Il s’agit d’un fait sans précédent dans les annales de la vallée où l’ensemble des 30 rizeries, vieilles de deux décennies pour certaines, n’ont reçu solidairement que 5 milliards de FCFA de fonds pour l’achat du riz au titre de l’actuelle saison agricole. Faut-il le préciser, ce fonds dédié à l’achat du riz provient du gouvernement Sénégalais et non de la BAD, qui a tendance à accompagner les multinationales et, rarement, les entités endogènes ou, pour le dire crûment, indigènes.

En accordant de telles facilités financières à une nouvelle compagnie, inconnue au bataillon, la Banque Africaine de Développement, sans doute influencée par la Banque Européenne d’Investissement (BEI), laquelle travaille (et c’est légitime ) pour les intérêts de l’Europe, crée une distorsion de concurrence. Tous les efforts de développement endogènes entrepris jusque-là par le riz Sénégalais (une production de 700 000 tonnes en 2015) sont désormais compromis. Détail à signaler, une bonne partie de l’activité de la nouvelle compagnie ne concernera pas la production mais l’achat du riz paddy (riz non transformé), la matière première qui fait tourner les usines. Sans un encadrement clair, l’on craint un renchérissement soudain de cette matière première qui viendra sous peu affecter la productivité des usines.

À la longue, c’est toute une expérience et un savoir faire qui sont sacrifiés sur l’autel d’un slogan, «nourrir l’Afrique», qui ne doit pas être dévié de sa trajectoire. Le concept du Dr Akinwimi Adesina ne devrait pas se réaliser au détriment des PME et de l’agro-industrie locale. Car, quelle est la légitimité de la BAD si ce n’est de contribuer à l’élévation du niveau de vie des africains, à la promotion du secteur privé local et à la consolidation des acquis?

Faudrait-il regretter la main mise des membres non régionaux (qui contrôlent 40% du capital et plus de 40% des droits de vote) qui ont tendance à transformer la soeur jumelle de l’OUA en un cheval de troie pour leurs intérêts mercantiles?

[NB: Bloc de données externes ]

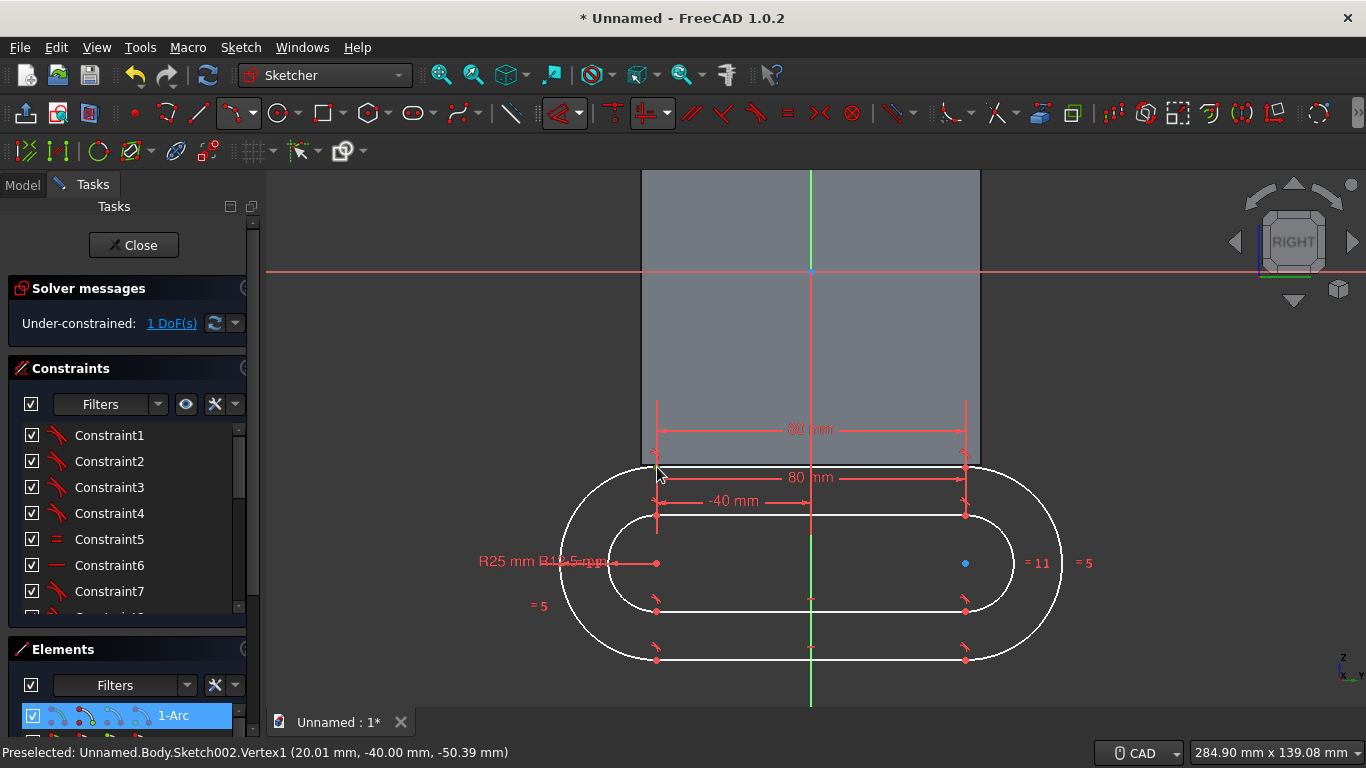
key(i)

En tout cas, l’impact d’un tel investissement, à Saint-Louis,  est structurellement moindre sur le plan socio-économique, mais aussi en termes de retombées locales. Cette société qui rappelle les maisons de trading à la Louis Dreyfus  va rapatrier une bonne partie de ses bénéfices alors que les sociétés locales emploient localement, dépensent localement et réinvestissement localement. C’est là où le gouvernement du président Macky Sall, qui a mis en place la BNDE (une banque qui vient se joindre à la CNCA dans l’accompagnement des producteurs ), a la responsabilité historique d’opter pour le vrai développement, celui qui consistera en la montée en gamme du tissu économique local.

Chiffres contre chiffres, la nouvelle entité avance vouloir travailler  avec 500 paysans. Or, les 30 rizeries locales  travaillent déjà avec des milliers de paysans à travers des sections et des unions. Le représentant résident de la BAD, Adalbert Nshimyumuremy, qui déclarait récemment que le projet de la Compagnie agricole de Saint-Louis «vise à promouvoir la sécurité alimentaire du riz pour le Sénégal», devra certainement revoir sa copie.